Five Characteristics of a Good Trading Platform

By David Adams

I have certainly traded on a variety of trading platforms throughout the course of my career. Some platforms have been a joy and a sheer pleasure on which to work, and other platforms made me want to set my hair on fire. The variety and quality of trading platforms available to traders varies from awful platforms to excellent platforms.

Word out to meet, I would simply list the platforms that are of high quality and list the platforms that were awful. Unfortunately, if I took that approach the pile of lawsuits and cease and desist would have my mailbox overflowing. So I have chosen some characteristics of great platforms and enumerate why I think they are particularly effective.

Of course, the effectiveness of any platform is directly related to the quality of the data feed. For the purposes of this article, we will assume all platforms have an adequate data feed and simply eliminate that variable from the discussion.

1. A good platform has a quality set of charting tools at your disposal.

When trading and active chart it is essential to be able to draw in trend lines, Fibonacci retracements, pivot points, and a host of other tools that traders other than myself may deem necessary. You should not have to have a degree in physics in order to facilitate the drawing of these symbols. The procedure for entering trend lines and other symbols should be effortless and accomplished without excessive thought. After all, your primary focus in trading is the price action on the chart not figuring out how to draw up lines on your chart.

2. A good platform should be easy to read and interpret.

A good platform should be easy to read and set up. You should not have to read a 200 page manual in order to operate the software. The chart should be clear and easy to understand and the index readings should be legible and prominent. Platforms that are difficult to set up, or require daily maintenance to set up waste valuable trading time and ultimately cost the trader money. A quality program will also save your settings from the previous day and when you start the program the following day the exact settings should appear, you should not need to add your oscillators and indicators on a daily basis.

3. A good platform has a complete set of oscillators and indicators.

There is nothing more annoying than using a platform that does not have a complete set of indicators or a method to add those indicators to the chart. Many lower end platforms feature five or six basic indicators and that is the extent of their functionality. Further, a good platform should allow you to adjust time periods and other variables in the indicators to your personal preference. Once again, it should not take an excessive amount of time to perform these functions. They should be self-explanatory and not require paging through the dreaded 200 page manual to ascertain how to set a 14 period setting on a commodity channel index.

4. A good platform allows for a number entry and exit options.

A good trading platform allows you to quickly set the number of contracts you intended trade while also providing you the means to set your profit target and stop loss limit. This should be a seamless activity and not require an excessive amount of time. Most good trading platforms also have a provision that allows you to scale out of trade at certain profit points. Further, a good platform will have an easily understood trailing stop feature that is simple to set up. You should also be able to set up a simple bracket trade with a minimal amount of effort.
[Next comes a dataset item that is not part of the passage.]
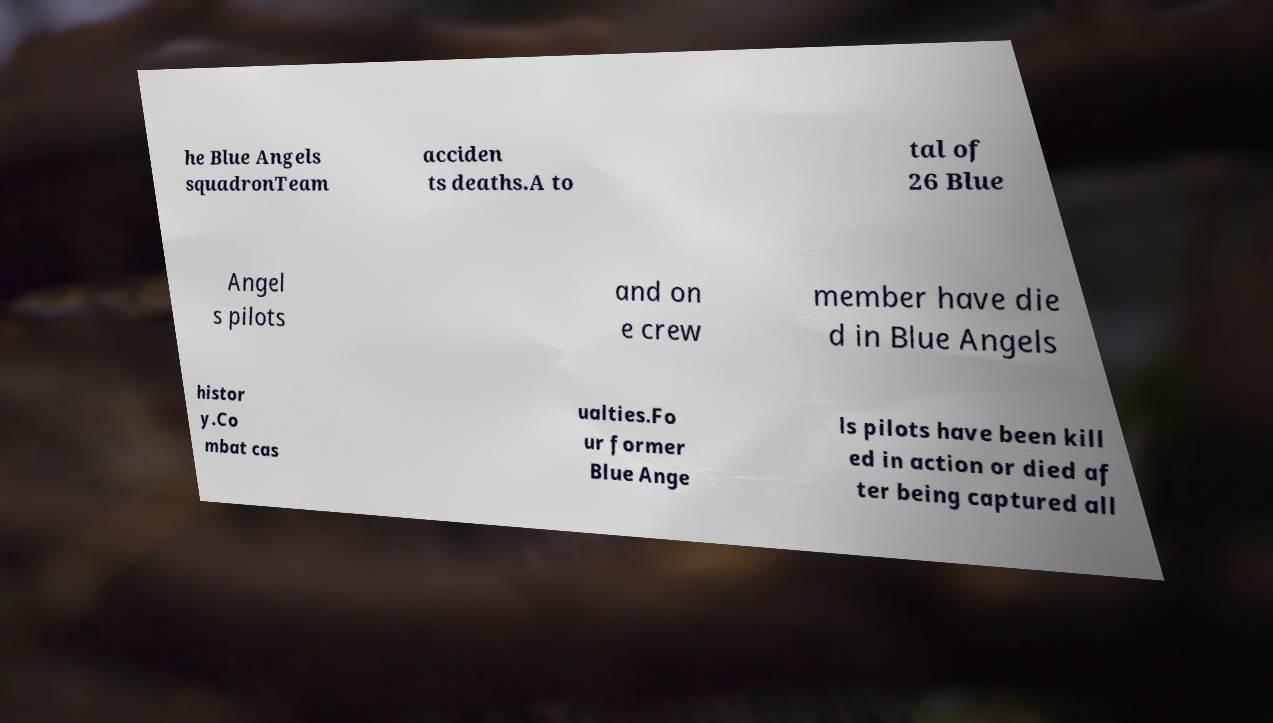Could you assist in decoding the text presented in this image and type it out clearly? he Blue Angels squadronTeam acciden ts deaths.A to tal of 26 Blue Angel s pilots and on e crew member have die d in Blue Angels histor y.Co mbat cas ualties.Fo ur former Blue Ange ls pilots have been kill ed in action or died af ter being captured all

5. A good platform never fails or crashes

There is no worse feeling in trading than being in an active trade and the platforms software fails. There is no excuse for software incompatibilities with operating systems. The platform is the essence of your profession and should perform as such. This particular requirement is one of my pet peeves, as I traded ones on a platform that was very unstable and made for a long and frustrating day. I have never used that platform again, and never will. Software designers are well aware of the design flaws inherent in trading platforms and there is absolutely no reason that these flaws should not be addressed in a manner which insurers the trader of a crash free trading experience. There is nothing worse than buggy software.
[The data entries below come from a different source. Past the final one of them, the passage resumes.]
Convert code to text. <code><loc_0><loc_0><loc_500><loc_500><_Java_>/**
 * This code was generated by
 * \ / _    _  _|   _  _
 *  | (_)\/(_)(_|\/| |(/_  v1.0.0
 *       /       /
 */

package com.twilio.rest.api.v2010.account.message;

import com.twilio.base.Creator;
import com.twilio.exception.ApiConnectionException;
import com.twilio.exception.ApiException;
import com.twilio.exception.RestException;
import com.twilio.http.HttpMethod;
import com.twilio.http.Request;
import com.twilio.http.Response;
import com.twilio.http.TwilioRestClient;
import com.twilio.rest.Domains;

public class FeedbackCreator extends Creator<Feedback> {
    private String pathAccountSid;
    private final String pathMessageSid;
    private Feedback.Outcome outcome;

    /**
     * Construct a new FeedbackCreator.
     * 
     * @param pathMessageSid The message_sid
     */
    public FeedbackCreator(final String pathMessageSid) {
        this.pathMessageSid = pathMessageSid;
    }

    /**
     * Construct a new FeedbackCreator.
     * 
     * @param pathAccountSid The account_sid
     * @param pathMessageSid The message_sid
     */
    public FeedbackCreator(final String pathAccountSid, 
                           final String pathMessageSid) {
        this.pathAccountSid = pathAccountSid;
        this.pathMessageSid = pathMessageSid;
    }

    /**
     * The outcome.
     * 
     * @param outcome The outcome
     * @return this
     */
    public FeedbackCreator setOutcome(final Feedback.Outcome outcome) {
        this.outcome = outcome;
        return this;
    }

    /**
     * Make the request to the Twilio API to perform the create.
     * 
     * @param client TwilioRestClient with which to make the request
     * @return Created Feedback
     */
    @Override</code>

There are many other inherent flaws in trading platforms software, but these five stand out as deal killers in my book. I will not tolerate any of these flaws and will quickly change platforms if I encounter these problems with any frequency. Of course, a one-time glitch can be expected. But a consistent and reoccurring glitch in trading platforms software is inexcusable.

About the Author

Would it be convenient to recieve valuable trading tips every night in your email? You can sign up for our free video series by Clicking here These videos contain advanced trading strategies and will enhance your trading knowledge immeasurably. Best of all, they are free! So Clicking here These videos contain advanced trading strategies and will enhance your trading knowledge immeasurably. Best of all, they are free!

Forex in the present day: An Educational Guide for Learners

By Jeff Morris

New in the Forex market? This market could sound actually difficult and scary to sort out but it’s not. Similar to in any kinds of commerce, you generate profits whenever you purchase low and sell high. Forex trading is simply buying and selling currencies within the Foreign exchange market.

Foreign exchange is the most important financial market in the world. It generates trillions of dollars of foreign money exchanges on a regular basis and it operates 24 hours a day and 7 days a week therefore, additionally making it probably the most liquid market within the world.

On the planet of Foreign exchange, trading in this very liquid market is very unique in comparison with different monetary market like stocks. Since the Forex market operates 24 hours a day worldwide, which begins at Sydney and ends in New York, trading will not be centralized in a single location. You may commerce in Foreign exchange everytime you need whatever the local time.

Prior to now, Forex trading was only offered to giant financial institutions, like banks. And, it was also only provided to massive companies, multi-nationwide companies and large currency dealers. This is due to the big and intensely strict financial necessities the Forex market imposed. Because of this individual traders and small companies are not in a position to participate in this liquid market.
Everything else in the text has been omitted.